I will urge readers to withhold their opinion about these individuals, particularly based on what they are hearing and reading in the media. It is nonsense. The individuals should not have been arrested and in any civilised democracy (which India is not) this would not have happened because civilised democracies have functioning judiciaries that protect the rights of citizens. They are not enthusiastic about rubber-stamping whatever the state produces before them that violates our rights. I accept that in the current instance it is also the judiciary itself that has revealed the problems within it. I do not mean the Supreme Court, but Delhi high court. A two-judge bench was looking at the arrest and transit remand of one of the five individuals, Gautam Navlakha. This court’s order on the matter, dictated by Justice S. Muralidhar, is a remarkable document and must be read by all citizens. It is 10 pages of clarity, precision and elegance.

It tells the following story:
On August 28, Gautam Navlakha was arrested from Delhi. The police did not have a search warrant and were not allowed to enter his house. They went back and returned with a warrant.

The basis of the case was an FIR filed about an event held on December 31, 2017. Gautam was not named in that FIR. He says he was not even present at the meeting. The charge of Unlawful Activities Prevention Act (which is the law the government uses against terrorism) was not originally mentioned in the original FIR. It only had sections related to promoting disharmony. After his arrest, Gautam had to be taken to Pune. The chief metropolitan magistrate (CMM) of Saket in Delhi, Manish Khurana, allowed transit remand to take him to Pune. The transit remand application was made in Hindi. However, the documents that were produced before the magistrate were mostly in Marathi.

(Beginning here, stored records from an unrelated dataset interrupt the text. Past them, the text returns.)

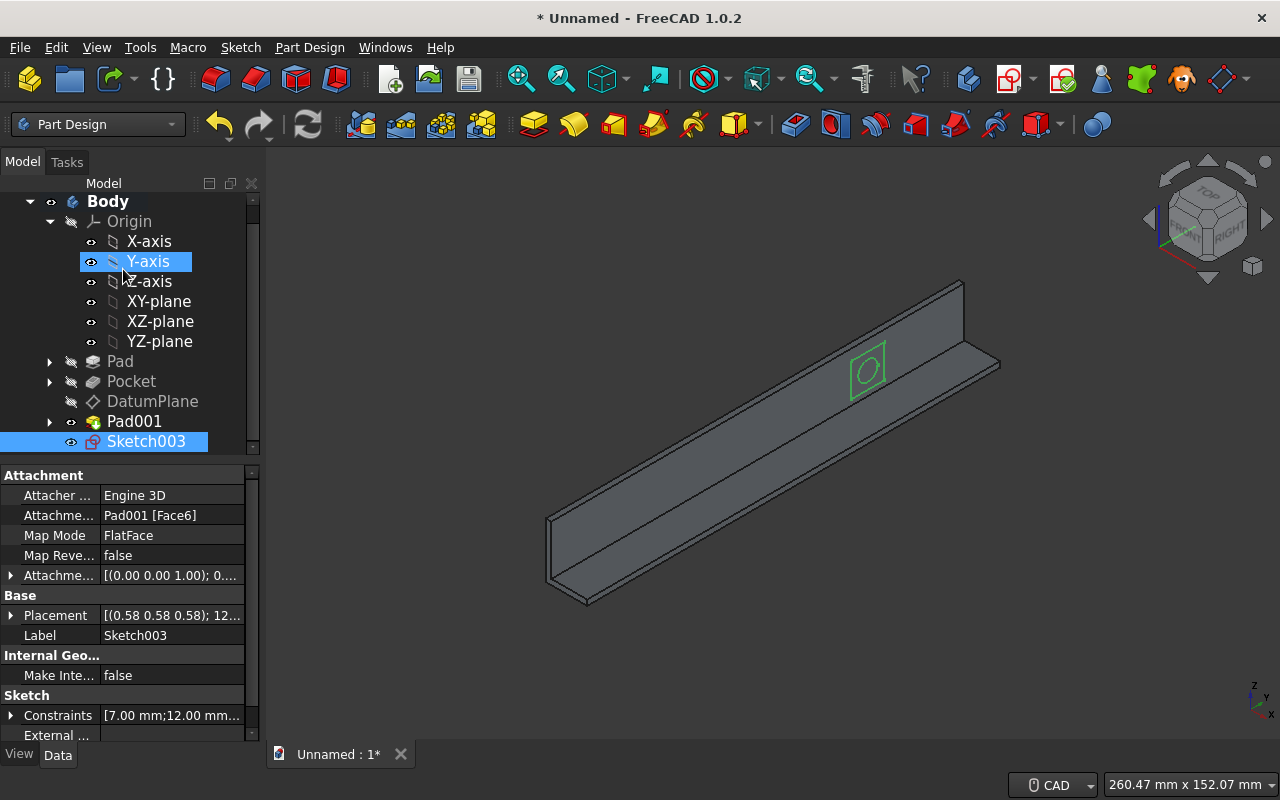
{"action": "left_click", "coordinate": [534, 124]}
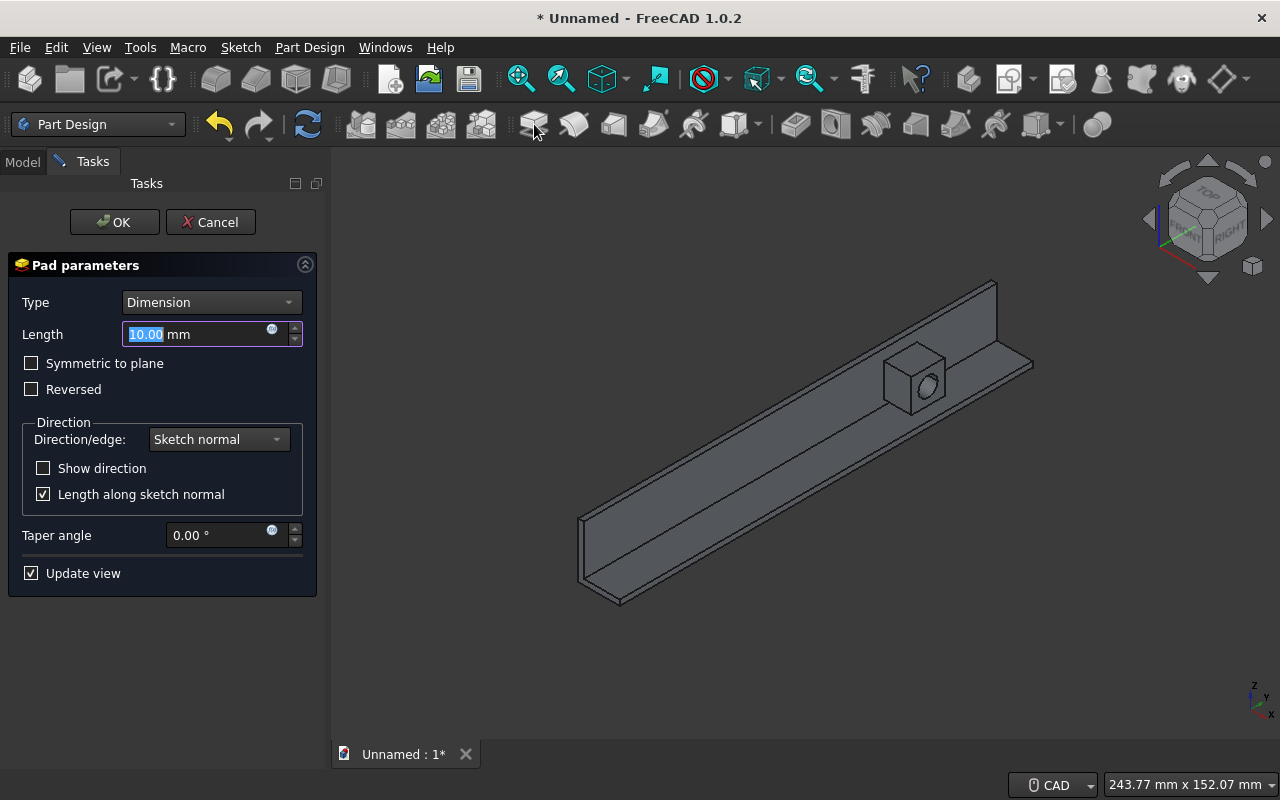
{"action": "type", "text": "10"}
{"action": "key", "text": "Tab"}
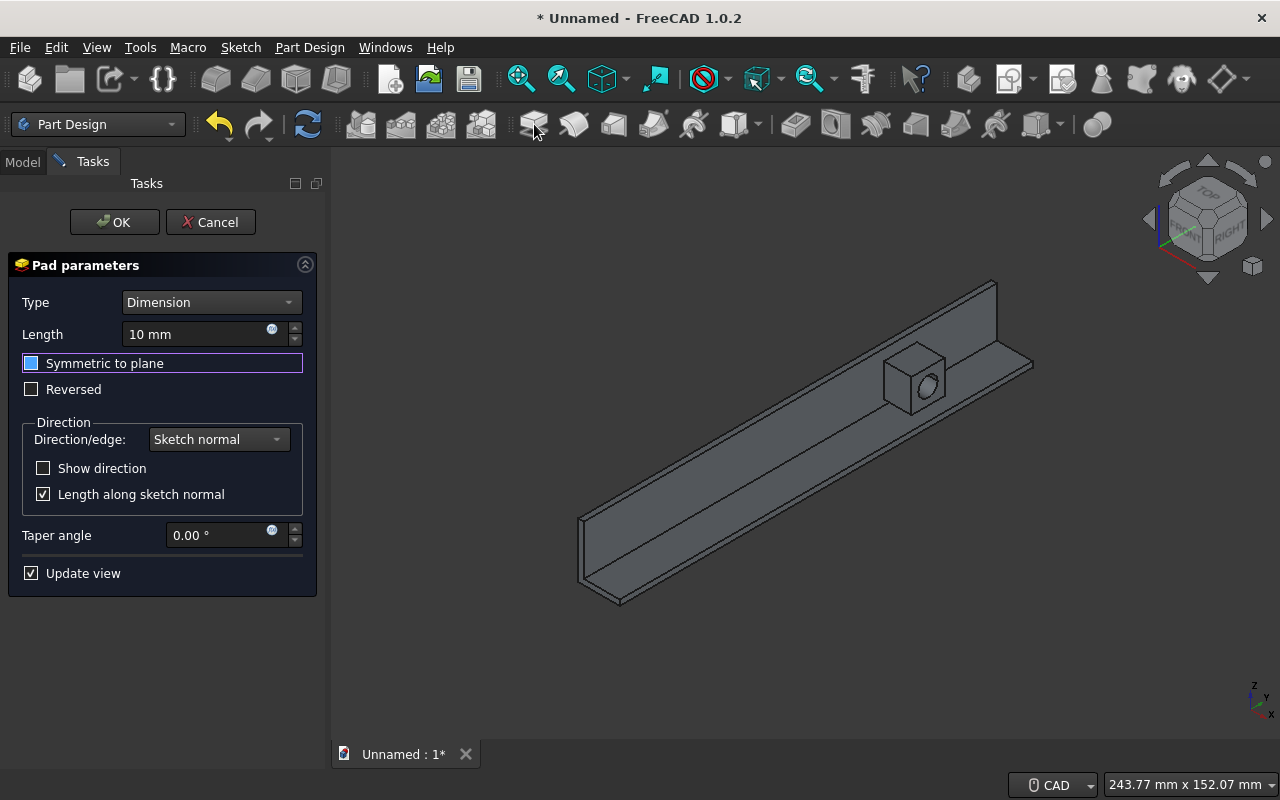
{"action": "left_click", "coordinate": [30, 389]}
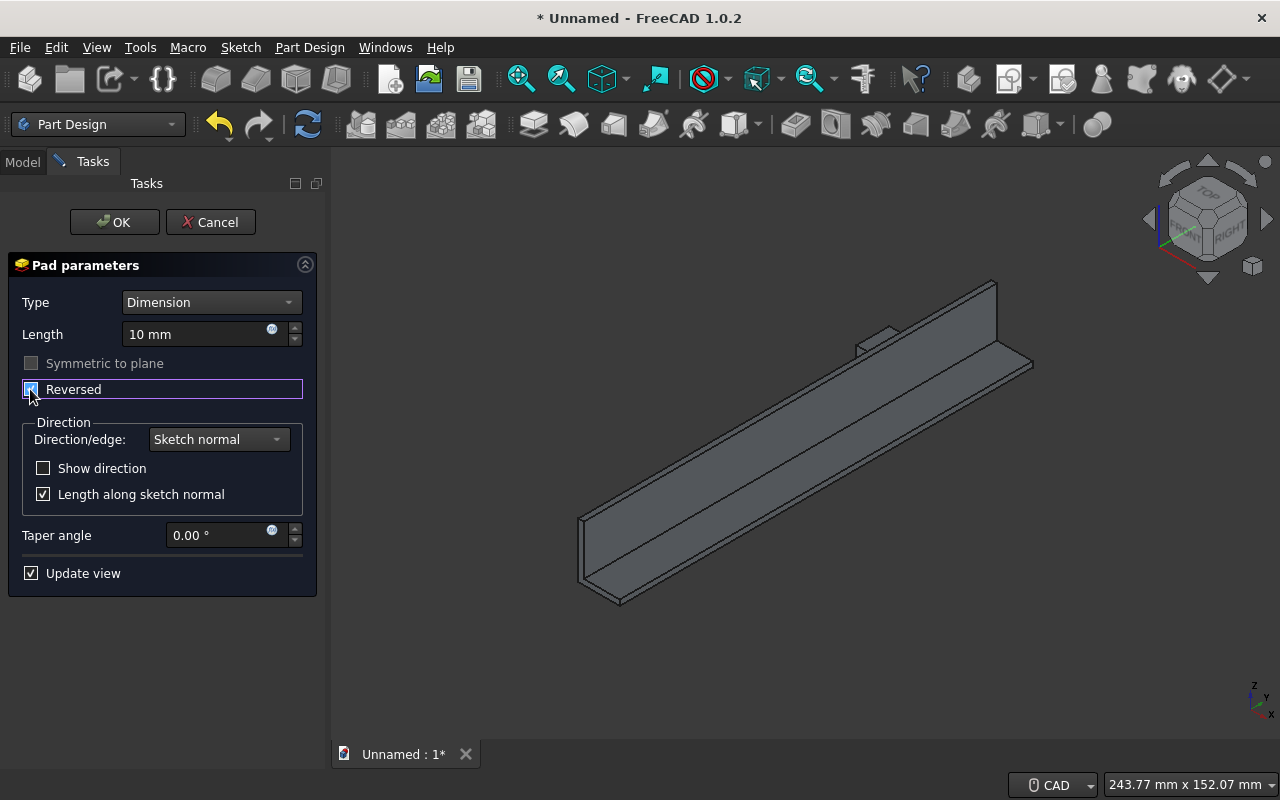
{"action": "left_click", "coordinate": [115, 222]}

The Delhi high court said: “It is not possible to make out from these documents what precisely the case against the petitioner is.” The question we as citizens should ask is: then why was permission for the transit remand given by the magistrate?

The high court ordered that the case would be heard the following day, and that the documents that were shown to the magistrate should be translated from Marathi. Meanwhile, Gautam was to be taken back to the place where the police had picked him up from.

In the morning, the advocate for the police said that the translation was taking more time and the court gave till afternoon. At 2.15 pm, the court was shown a few pages, including the FIR translated into English but with much of the material still in Marathi.

The police lawyer asked for still more time, which the court did not give.

The court then said that it was “concerned with the legality of the arrest” and “legality of transit remand passed by the learned CMM”. It said the FIR did not mention Gautam, so what evidence was produced before the CMM? It asked the Maharashtra police officers present this question: “whether at any time during the proceedings before the learned CMM, the learned CMM asked to see the case diary in which purportedly the relevant material concerning the involvement of the petitioner is contained.”

The policemen said no. It was revealed that the case diary is also in Marathi. The police lawyer then said that Gautam could apply for regular bail so there was real problem. To this high court pointed out that under UAPA “it would be extremely difficult” to get regular bail “till at least the time of filing of the chargesheet.”

It was at this stage, on the 29th, that the police lawyer said that the Supreme Court had intervened. The high court then said it would no longer be appropriate for it to continue hearing about the validity of the transit remand.

As we now know, the Supreme Court is to hear this again on September 6. Many of us will be watching what it does with great interest.